▶ _About this task_
Reproduce exactly the lines that run from the start of the records below to the line with "Sample output, numbers", inclusive.

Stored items
-- Opening Marker --
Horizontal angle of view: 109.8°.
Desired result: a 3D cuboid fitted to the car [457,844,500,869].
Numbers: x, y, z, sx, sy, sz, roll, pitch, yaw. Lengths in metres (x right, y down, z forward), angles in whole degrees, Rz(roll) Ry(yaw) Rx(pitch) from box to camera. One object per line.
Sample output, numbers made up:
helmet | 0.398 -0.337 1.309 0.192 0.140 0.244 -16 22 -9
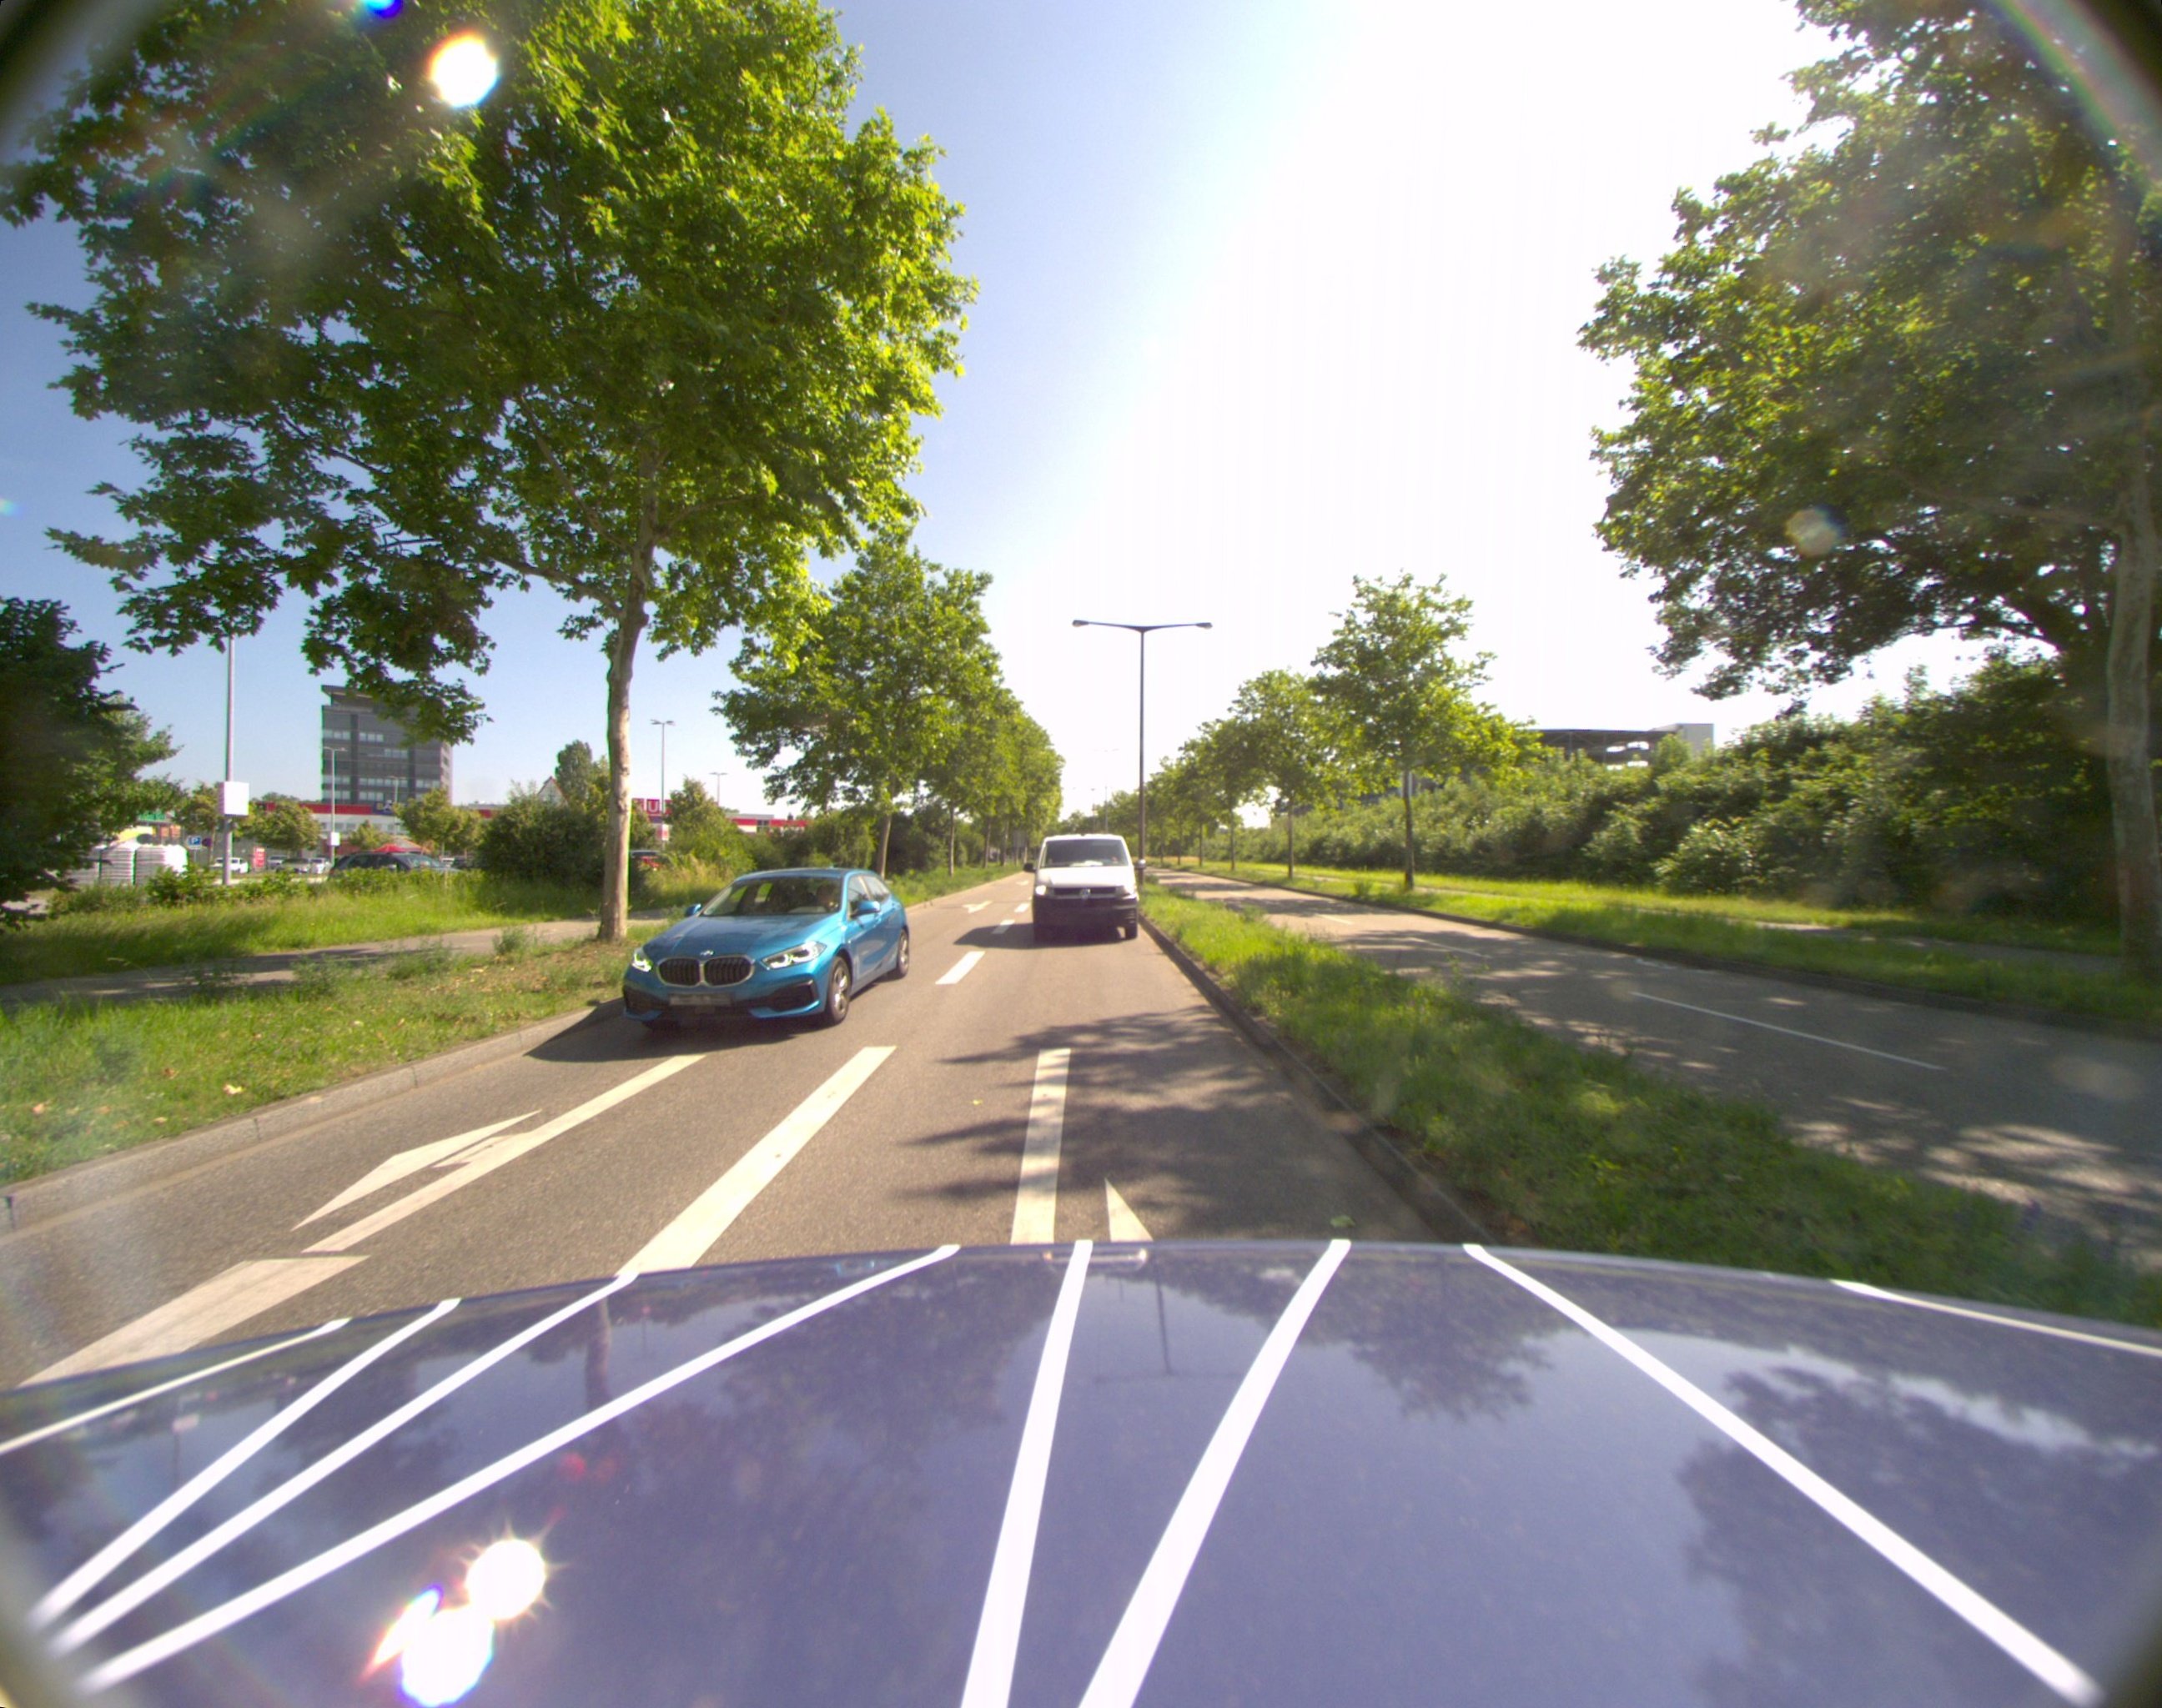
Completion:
-- Closing Marker --
▶ _Exercise solution_
Horizontal angle of view: 109.8°.
Desired result: a 3D cuboid fitted to the car [457,844,500,869].
Numbers: x, y, z, sx, sy, sz, roll, pitch, yaw. Lengths in metres (x right, y down, z forward), angles in whole degrees, Rz(roll) Ry(yaw) Rx(pitch) from box to camera. One object per line.
Sample output, numbers made up:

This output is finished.